The request is consistent with the logic of similar prior requests for information by banking regulators regarding the unique design of digital assets, Verret claims, and he noted that the SEC has similarly opened up calls for public comment when “complex and novel” questions of securities regulation are at issue, such as with Acting Chair Lee’s call for public comment on climate disclosure in early 2021.

Fears harm. As an investor in a number of cryptocurrencies, Verret fears that none of the tokens he has invested in are properly classified as securities under the securities laws. Under the SEC’s “strategically ambiguous” interpretation of the Howey test regarding classification of investment contracts, he said he can’t be sure that the Commission will not at some point target one of his token holdings, under the guise of the Commission’s investor protection mission, such that it would ultimately cause him significant losses as a property owner.

Also, as a professor of securities law, Verret says he has an interest in consistent application of the law. It is his view that the SEC’s current interpretation of the Howey test for determination of investment contracts represents a “substantial departure” from the Supreme Court’s clear language in SEC v. Howey.

The better path. According to Verret, a better path forward for the Commission would be to appreciate that digital assets do not fit within the classic framework of regulations designed for equity investments in firms led by boards of directors, and to acknowledge that the current approach to regulation does not necessarily work for digital assets, so a new approach is needed.

Verret provided a list of some questions that the SEC should include in the call for comment he proposes. The list of questions is only a beginning of what Verret said will no doubt result in “hundreds of questions” that will need to be contained in a legitimate call for comment. “We have to start somewhere, this list of questions below is merely an initial brainstorm,” Verret said.

Suggested questions. Among the questions Verret provided are the following.

What unique investor protections can be designed around digital assets?

How do the federal securities laws need to be amended to holistically take into account unique aspects of token offerings?

What minimum requirements will the SEC attach to any future bitcoin spot ETF approval? Have those requirements been consistently applied to previous ETF approvals?

How would Reg NMS need to be adapted to allow digital assets to trade on registered exchanges?

How would concepts like best execution be measured in the digital asset space?

How do the ‘33 and ‘34 Acts need to adapt to consider the unique design of Defi and other blockchain projects?

If the text of a prospectus is built into the ledger, does it count as delivery?

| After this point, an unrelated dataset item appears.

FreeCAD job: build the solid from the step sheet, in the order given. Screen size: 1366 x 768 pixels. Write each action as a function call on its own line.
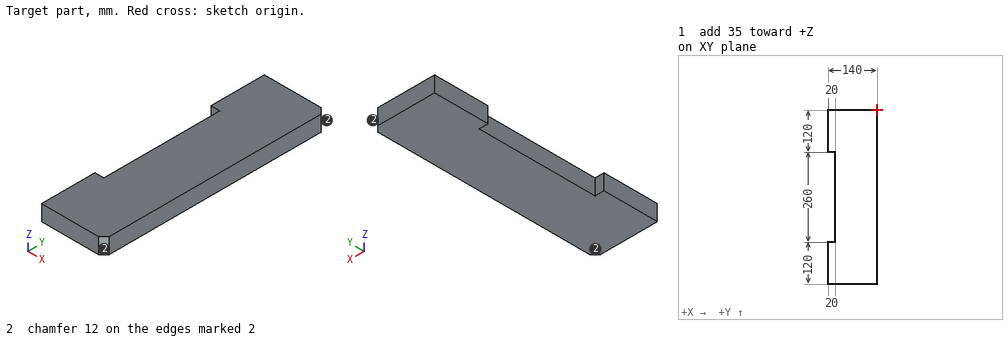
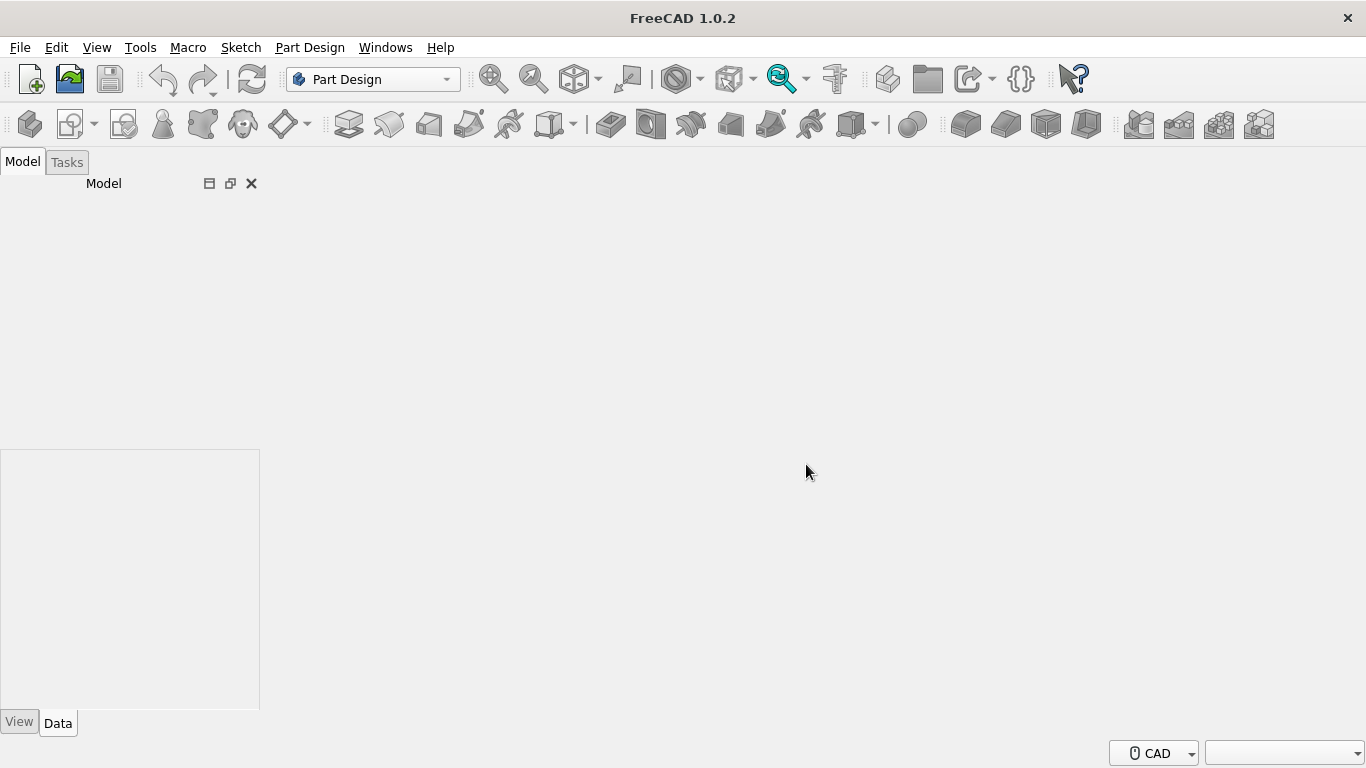
key(ctrl+n)

How should projects that are classified as securities by the SEC, but that function as cryptocurrency (with a foundation that curates the ledger), account for the foundation on its books?

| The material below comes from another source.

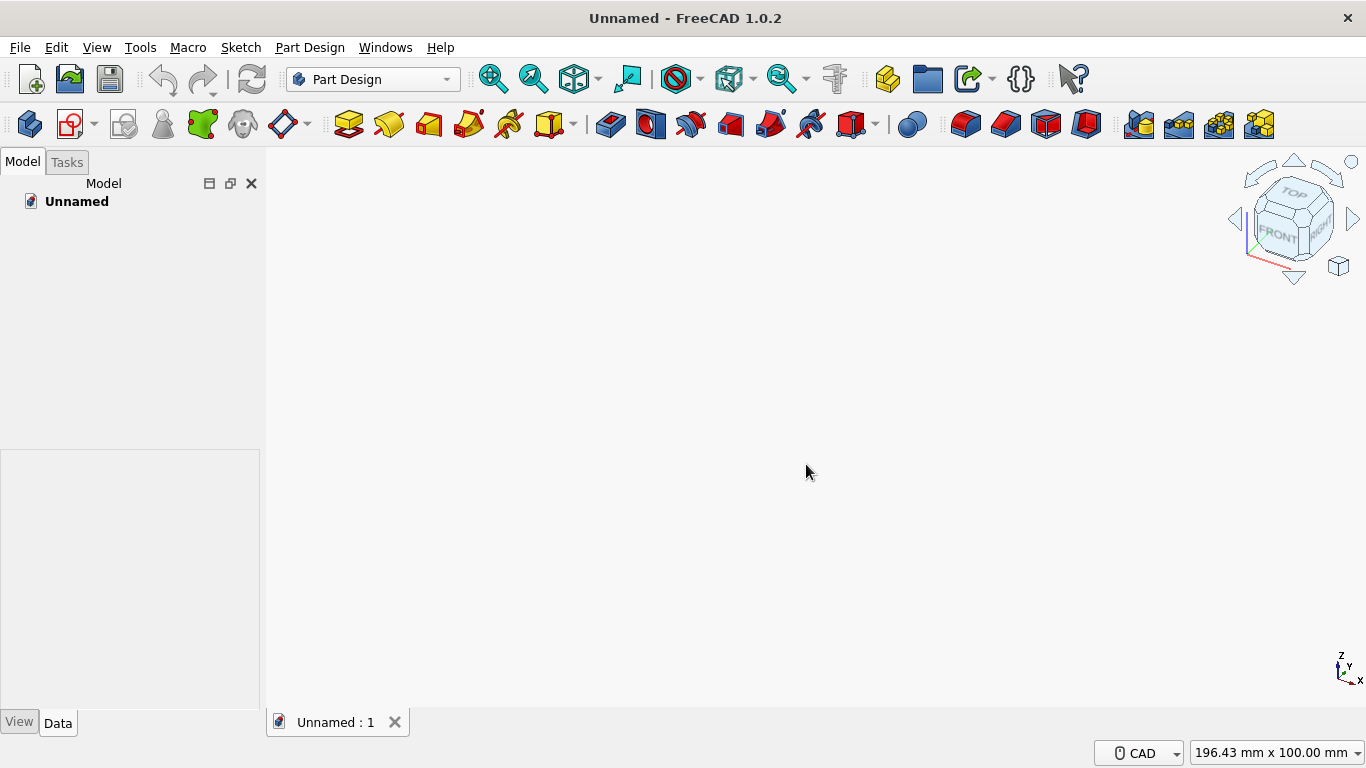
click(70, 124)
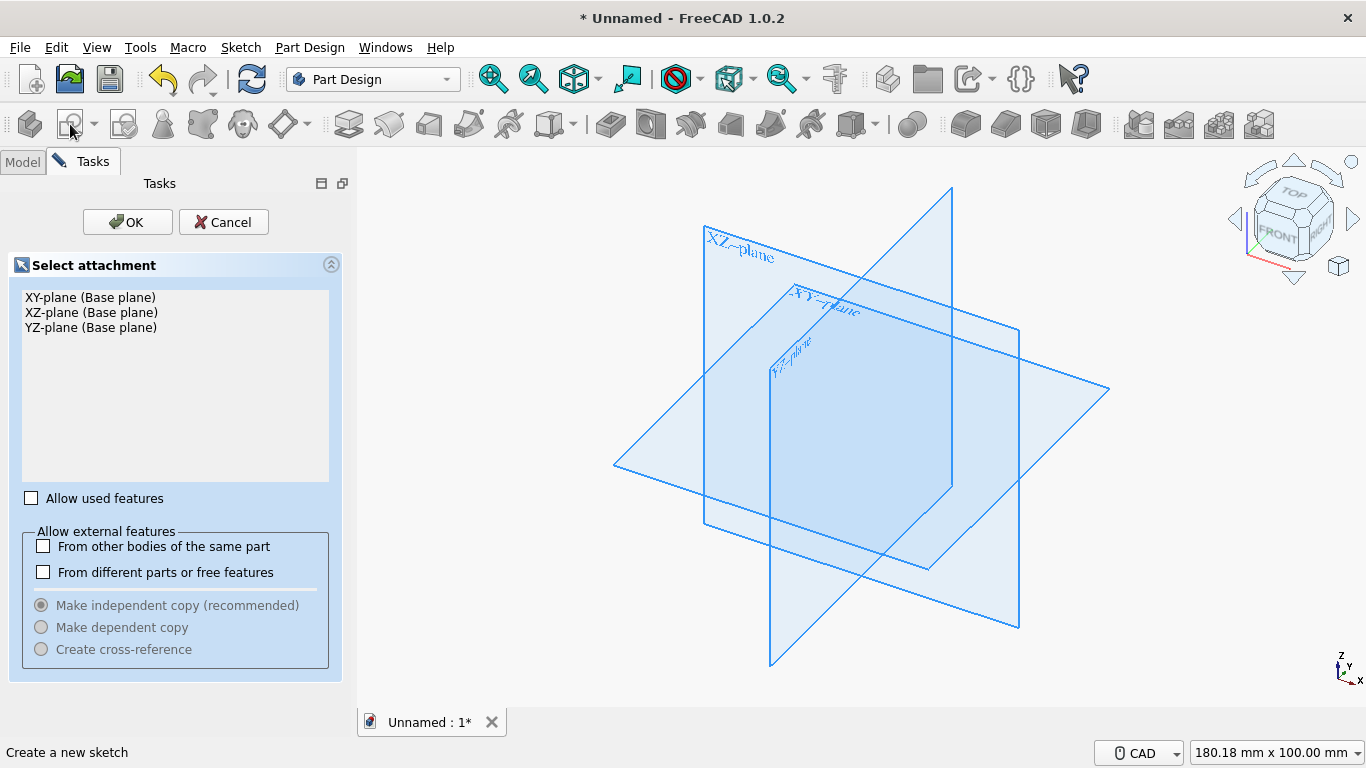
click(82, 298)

To what extent are the ‘40 Acts an inappropriate fit for projects where the initial developer continues to hold tokens after decentralization?


Unique opportunity. According to Verret, the questions he presents in the letter are suggestions for consideration that he hopes will open a constructive dialogue that can promote both investor protection and capital formation in the digital asset sector and provide meaningful guidance and clear rules of the road for developers. And all five SEC Commissioners have a unique opportunity to stake this development with their own priorities in the design of the call for comment, he concluded.